Start of MATERIALS PROVIDED

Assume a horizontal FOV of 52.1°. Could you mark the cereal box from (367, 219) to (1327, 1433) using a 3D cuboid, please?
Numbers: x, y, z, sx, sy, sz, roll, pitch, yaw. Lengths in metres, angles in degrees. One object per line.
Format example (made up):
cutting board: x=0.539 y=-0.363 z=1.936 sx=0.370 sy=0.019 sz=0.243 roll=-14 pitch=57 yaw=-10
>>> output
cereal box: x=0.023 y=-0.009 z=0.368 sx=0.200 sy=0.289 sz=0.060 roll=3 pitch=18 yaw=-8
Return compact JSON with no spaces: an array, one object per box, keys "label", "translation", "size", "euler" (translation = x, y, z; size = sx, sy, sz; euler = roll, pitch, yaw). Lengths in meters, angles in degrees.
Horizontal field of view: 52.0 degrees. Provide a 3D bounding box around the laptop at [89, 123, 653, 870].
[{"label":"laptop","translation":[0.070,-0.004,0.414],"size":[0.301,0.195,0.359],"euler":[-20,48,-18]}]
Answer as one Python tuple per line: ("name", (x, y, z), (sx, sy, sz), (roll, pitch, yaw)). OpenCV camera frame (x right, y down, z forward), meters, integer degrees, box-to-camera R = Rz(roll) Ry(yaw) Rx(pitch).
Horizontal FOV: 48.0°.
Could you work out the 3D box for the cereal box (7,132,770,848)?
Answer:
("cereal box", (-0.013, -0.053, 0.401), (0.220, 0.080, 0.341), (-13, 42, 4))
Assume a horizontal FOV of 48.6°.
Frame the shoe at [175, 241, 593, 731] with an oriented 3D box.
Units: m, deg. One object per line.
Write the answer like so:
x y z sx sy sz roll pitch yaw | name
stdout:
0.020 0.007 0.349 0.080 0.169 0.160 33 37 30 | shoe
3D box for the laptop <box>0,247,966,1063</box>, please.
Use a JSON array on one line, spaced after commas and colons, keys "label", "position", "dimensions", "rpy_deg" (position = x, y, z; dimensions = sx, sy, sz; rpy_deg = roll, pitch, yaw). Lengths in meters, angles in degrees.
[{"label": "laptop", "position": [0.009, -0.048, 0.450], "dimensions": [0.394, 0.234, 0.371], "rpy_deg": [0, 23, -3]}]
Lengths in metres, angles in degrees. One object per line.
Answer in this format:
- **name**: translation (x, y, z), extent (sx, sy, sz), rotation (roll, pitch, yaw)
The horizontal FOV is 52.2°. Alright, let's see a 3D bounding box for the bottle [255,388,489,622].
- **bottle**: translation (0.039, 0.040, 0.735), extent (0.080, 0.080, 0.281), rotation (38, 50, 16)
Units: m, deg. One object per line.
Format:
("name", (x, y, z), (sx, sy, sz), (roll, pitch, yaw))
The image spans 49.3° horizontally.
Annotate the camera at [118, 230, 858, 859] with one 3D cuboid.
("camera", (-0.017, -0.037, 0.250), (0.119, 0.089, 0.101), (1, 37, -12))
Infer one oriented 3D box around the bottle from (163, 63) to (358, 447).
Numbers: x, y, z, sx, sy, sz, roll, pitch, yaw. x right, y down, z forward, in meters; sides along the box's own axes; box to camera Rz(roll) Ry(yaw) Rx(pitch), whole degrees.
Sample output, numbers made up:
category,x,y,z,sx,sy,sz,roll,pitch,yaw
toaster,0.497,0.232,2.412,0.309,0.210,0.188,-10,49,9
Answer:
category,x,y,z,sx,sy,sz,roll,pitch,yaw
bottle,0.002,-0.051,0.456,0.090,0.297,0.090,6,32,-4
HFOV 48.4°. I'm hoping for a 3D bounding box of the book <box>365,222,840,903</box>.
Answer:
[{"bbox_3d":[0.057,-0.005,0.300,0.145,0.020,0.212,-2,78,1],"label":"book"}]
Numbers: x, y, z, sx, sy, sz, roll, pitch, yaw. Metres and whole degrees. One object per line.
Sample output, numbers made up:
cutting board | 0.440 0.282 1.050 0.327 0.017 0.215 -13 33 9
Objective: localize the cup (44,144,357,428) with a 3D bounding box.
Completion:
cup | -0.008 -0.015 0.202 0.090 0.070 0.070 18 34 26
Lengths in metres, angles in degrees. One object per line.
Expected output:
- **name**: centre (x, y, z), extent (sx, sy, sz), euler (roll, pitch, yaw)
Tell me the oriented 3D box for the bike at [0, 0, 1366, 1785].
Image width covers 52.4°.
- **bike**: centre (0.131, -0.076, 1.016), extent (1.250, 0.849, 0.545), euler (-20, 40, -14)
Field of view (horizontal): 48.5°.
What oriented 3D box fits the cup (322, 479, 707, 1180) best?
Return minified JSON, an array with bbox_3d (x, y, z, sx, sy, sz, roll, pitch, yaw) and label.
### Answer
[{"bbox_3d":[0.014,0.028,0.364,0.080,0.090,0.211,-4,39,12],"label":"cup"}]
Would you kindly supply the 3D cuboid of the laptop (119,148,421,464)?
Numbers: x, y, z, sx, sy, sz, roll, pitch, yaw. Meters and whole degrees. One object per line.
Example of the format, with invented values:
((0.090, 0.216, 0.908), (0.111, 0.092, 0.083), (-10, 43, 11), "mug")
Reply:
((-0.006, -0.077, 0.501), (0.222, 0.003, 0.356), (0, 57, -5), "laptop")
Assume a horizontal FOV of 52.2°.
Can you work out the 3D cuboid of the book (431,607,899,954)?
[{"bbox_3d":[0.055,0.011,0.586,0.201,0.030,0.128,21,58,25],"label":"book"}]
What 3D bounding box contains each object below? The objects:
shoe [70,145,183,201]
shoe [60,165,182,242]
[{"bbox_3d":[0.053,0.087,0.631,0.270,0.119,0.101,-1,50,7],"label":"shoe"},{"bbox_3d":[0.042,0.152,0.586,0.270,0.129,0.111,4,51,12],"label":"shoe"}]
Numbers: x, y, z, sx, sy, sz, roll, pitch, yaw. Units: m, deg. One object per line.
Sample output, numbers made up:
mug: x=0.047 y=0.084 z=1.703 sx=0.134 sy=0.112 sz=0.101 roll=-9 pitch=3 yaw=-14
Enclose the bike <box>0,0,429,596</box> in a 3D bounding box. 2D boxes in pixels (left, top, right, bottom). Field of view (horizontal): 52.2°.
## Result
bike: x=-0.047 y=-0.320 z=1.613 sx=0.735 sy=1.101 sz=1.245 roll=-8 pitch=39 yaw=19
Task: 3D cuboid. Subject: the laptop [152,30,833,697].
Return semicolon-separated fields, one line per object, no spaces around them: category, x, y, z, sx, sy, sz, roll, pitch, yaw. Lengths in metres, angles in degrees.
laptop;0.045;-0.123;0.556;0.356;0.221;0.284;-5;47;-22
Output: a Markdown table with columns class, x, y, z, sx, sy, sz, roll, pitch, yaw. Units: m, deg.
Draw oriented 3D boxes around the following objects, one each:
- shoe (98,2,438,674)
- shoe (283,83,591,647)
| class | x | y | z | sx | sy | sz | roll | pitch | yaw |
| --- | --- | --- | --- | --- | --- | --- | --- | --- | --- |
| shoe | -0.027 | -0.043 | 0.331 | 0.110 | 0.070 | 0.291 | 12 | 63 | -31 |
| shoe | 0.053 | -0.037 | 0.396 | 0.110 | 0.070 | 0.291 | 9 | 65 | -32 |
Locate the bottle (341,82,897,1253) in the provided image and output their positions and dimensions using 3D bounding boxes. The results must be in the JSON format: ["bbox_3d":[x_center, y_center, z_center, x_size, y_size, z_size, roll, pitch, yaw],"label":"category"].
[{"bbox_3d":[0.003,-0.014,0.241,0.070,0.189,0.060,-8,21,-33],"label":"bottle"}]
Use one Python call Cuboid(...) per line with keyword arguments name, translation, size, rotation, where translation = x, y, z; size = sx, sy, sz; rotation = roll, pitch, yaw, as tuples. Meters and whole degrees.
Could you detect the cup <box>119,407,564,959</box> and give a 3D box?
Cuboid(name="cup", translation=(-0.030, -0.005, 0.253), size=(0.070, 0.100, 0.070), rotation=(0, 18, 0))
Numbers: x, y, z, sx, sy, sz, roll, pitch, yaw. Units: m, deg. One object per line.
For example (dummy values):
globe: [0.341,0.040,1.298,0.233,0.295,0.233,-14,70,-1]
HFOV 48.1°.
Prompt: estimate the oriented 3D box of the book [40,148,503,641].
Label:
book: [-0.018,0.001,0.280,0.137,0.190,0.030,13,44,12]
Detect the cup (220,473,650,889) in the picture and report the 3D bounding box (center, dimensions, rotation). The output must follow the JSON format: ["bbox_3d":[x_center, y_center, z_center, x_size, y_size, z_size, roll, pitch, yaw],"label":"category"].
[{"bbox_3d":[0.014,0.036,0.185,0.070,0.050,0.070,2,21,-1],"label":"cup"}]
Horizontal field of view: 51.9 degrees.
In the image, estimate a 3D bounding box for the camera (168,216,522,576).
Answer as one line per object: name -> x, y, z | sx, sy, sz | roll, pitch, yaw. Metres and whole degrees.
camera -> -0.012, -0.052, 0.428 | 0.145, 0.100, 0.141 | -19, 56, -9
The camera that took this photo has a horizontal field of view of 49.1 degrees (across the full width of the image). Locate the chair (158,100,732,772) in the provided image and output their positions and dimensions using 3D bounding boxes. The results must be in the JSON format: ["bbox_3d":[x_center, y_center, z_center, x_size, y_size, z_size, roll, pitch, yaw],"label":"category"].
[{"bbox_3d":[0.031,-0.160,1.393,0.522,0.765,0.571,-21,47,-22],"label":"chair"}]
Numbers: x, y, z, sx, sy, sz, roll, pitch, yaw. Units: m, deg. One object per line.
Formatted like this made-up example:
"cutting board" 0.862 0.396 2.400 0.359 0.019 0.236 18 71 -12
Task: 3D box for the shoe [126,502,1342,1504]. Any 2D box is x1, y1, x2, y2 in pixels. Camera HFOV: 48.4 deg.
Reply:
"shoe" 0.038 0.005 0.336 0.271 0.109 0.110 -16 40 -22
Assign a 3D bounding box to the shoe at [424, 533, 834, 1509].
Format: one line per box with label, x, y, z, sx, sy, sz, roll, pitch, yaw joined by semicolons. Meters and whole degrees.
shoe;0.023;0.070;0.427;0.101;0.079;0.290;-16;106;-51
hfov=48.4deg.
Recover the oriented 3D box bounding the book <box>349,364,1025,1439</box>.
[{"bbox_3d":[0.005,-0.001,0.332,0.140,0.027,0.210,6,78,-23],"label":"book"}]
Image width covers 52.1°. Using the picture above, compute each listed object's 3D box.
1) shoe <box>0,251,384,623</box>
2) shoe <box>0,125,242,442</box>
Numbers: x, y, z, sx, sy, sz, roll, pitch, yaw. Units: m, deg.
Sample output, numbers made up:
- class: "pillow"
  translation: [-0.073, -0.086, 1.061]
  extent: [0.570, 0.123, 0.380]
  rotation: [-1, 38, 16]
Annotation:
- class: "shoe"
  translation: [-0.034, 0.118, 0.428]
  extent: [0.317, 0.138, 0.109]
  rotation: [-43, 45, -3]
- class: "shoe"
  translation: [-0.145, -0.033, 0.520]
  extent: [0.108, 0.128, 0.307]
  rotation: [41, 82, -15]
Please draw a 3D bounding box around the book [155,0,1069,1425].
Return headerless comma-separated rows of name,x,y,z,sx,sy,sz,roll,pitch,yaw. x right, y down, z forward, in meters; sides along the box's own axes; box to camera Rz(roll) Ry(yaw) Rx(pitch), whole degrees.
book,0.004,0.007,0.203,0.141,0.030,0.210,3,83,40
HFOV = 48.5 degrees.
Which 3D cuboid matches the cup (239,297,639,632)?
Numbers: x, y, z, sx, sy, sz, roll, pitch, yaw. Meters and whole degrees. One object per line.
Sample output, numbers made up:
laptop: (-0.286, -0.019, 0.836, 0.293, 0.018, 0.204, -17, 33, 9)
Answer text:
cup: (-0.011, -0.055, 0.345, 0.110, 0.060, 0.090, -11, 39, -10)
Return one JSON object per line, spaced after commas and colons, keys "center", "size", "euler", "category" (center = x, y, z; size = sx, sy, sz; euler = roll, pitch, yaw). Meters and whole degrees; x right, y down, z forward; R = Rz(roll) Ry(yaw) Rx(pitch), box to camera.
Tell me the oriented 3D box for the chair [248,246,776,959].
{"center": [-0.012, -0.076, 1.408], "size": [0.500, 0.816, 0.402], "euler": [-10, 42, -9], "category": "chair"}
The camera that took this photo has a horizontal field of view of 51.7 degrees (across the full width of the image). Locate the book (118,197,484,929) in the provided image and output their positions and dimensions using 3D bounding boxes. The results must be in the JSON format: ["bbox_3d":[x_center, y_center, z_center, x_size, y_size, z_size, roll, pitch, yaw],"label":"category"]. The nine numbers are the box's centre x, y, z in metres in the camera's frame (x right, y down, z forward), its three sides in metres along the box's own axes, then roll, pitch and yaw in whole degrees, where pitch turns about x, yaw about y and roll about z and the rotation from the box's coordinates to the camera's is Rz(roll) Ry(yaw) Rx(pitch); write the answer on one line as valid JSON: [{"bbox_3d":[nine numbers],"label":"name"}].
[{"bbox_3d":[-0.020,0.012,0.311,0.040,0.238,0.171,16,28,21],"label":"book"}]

End of MATERIALS PROVIDED

▶ **WHAT YOU NEED TO DO**
Could you copy every line from the records that has "Task" in it?

▶ **COMPLETED EXERCISE**
Task: 3D cuboid. Subject: the laptop [152,30,833,697].
Task: 3D box for the shoe [126,502,1342,1504]. Any 2D box is x1, y1, x2, y2 in pixels. Camera HFOV: 48.4 deg.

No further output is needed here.